Intransigeance sur Jérusalem-Est
Côté israélien, lors d’un entretien le 11 novembre avec la secrétaire d’Etat Hillary Clinton, le premier ministre israélien Benyamin Netanyahu avait accepté d’envisager un nouveau moratoire de 90 jours sur les constructions dans les colonies juives de Cisjordanie contre une généreuse enveloppe de mesures de soutien sécuritaires et diplomatiques. Mais plus tard, le bureau de M. Netanyahu a indiqué que l’éventuel nouveau moratoire ne devait pas concerner Jérusalem-Est. Netanyahu a en outre affirmé dimanche qu’il n’avait toujours pas reçu d’engagements écrits américains lui permettant de faire voter un gel de trois mois de la colonisation en Cisjordanie par son cabinet, selon un communiqué. « Si nous obtenons ces conclusions écrites, nous les présenterons au cabinet et je suis certain que les membres du cabinet les approuveront car ils sont positifs pour l’Etat d’Israël », a déclaré M. Netanyahu. Il a également souligné que les ententes verbales avec les Américains ne prévoyaient pas de fixer une échéance de trois mois — le temps d’un nouveau moratoire — aux discussions sur le tracé des futures frontières de l’Etat palestinien. « Il n’y a aucune demande en ce sens et aucun engagement. Il n’y a aura pas de discussions séparées sur les frontières mais (uniquement) sur l’ensemble des questions essentielles ».

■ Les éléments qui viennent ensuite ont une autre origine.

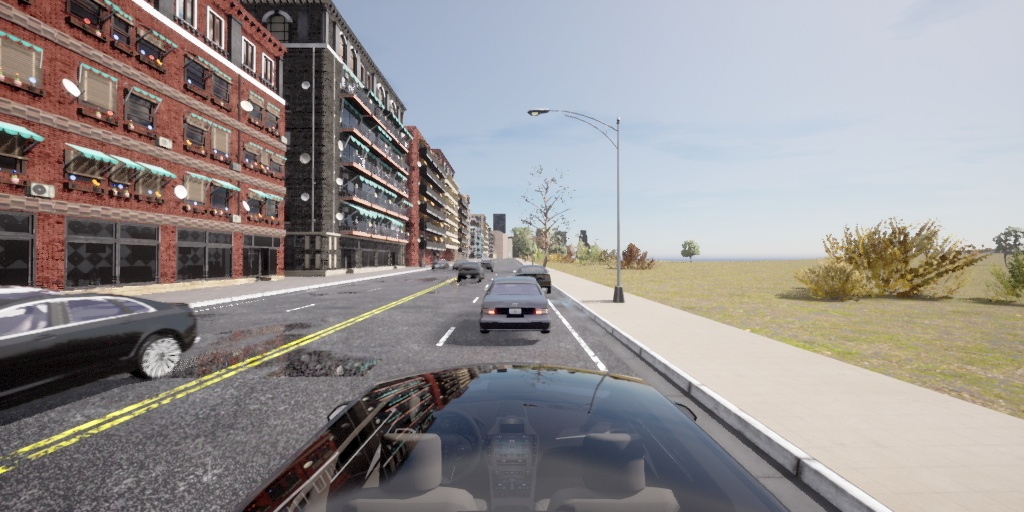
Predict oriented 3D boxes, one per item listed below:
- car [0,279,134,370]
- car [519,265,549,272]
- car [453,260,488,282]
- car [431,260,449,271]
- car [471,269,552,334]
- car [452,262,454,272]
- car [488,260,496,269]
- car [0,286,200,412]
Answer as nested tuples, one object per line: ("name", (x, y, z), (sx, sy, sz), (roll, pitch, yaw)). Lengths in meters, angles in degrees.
("car", (-9.845, 1.276, 6.144), (1.812, 1.442, 4.674), (0, 0, 0))
("car", (1.109, 1.230, 20.396), (1.882, 1.535, 5.008), (0, 0, 0))
("car", (-3.190, 1.254, 28.601), (1.837, 1.490, 4.892), (0, -1, 0))
("car", (-9.917, 1.241, 49.815), (2.128, 1.511, 4.902), (0, 0, 0))
("car", (0.089, 1.299, 10.632), (2.033, 1.411, 5.357), (0, 0, 0))
("car", (-6.665, 1.227, 47.271), (1.882, 1.535, 5.008), (0, 0, 0))
("car", (-3.214, 1.253, 45.447), (1.837, 1.490, 4.892), (0, 0, 0))
("car", (-6.606, 1.242, 4.444), (2.128, 1.511, 4.902), (0, 0, 0))
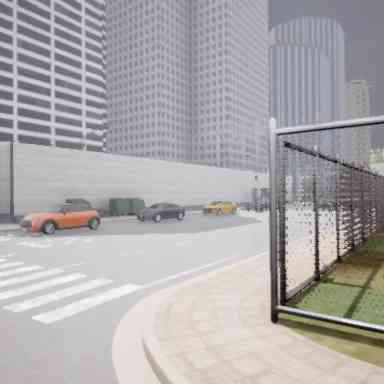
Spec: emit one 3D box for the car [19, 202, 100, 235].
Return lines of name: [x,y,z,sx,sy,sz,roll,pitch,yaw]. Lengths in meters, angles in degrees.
car: [-7.814,1.483,19.922,2.097,1.767,4.553,-1,0,35]

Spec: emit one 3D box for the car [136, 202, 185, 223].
car: [-2.504,1.648,27.449,1.837,1.490,4.892,-1,0,35]

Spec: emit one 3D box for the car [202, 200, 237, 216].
car: [2.954,1.634,35.179,1.882,1.535,5.008,-1,0,35]

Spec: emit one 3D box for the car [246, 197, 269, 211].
car: [8.781,1.521,43.410,2.097,1.767,4.553,-1,0,35]
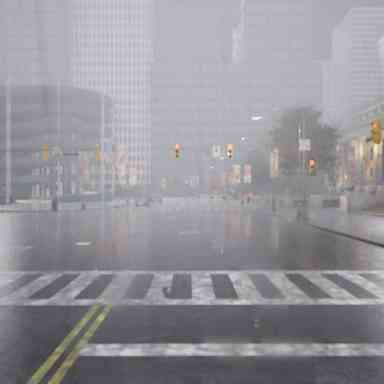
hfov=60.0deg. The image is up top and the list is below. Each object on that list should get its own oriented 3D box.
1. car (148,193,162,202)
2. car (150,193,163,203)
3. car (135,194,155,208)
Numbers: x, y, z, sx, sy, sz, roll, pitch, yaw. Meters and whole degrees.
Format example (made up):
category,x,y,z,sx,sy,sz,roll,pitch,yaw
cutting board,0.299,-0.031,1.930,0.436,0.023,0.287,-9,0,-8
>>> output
category,x,y,z,sx,sy,sz,roll,pitch,yaw
car,-8.805,1.238,79.158,2.150,2.045,5.566,0,0,-18
car,-7.076,1.503,67.627,2.128,1.511,4.902,0,0,0
car,-7.113,1.500,48.539,2.128,1.511,4.902,0,0,1

Mais, quand bien même les intentions du premier ministre israéliens seraient bonnes — ce qui n’est certainement pas garanti —, M. Netanyahu ne disposerait pas pour le moment d’une majorité au sein de son cabinet pour faire adopter un gel de la colonisation.
Le parti ultra-orthodoxe Shass est en position d’arbitre. Ses deux ministres exigent que Washington s’engage par écrit à ce que le nouveau gel ne concerne pas Jérusalem-Est, à ne pas renouveler le moratoire et à permettre ensuite le lancement de milliers d’appels d’offres pour la construction de logements dans les implantations de Cisjordanie. Si telles sont les garanties américaines, une reprise des négociations n’aura absolument aucun sens. D’ores et déjà, M. Netanyahu a rejeté tout moratoire pour Jérusalem-Est. Le blocage est donc susceptible de se poursuivre encore longtemps.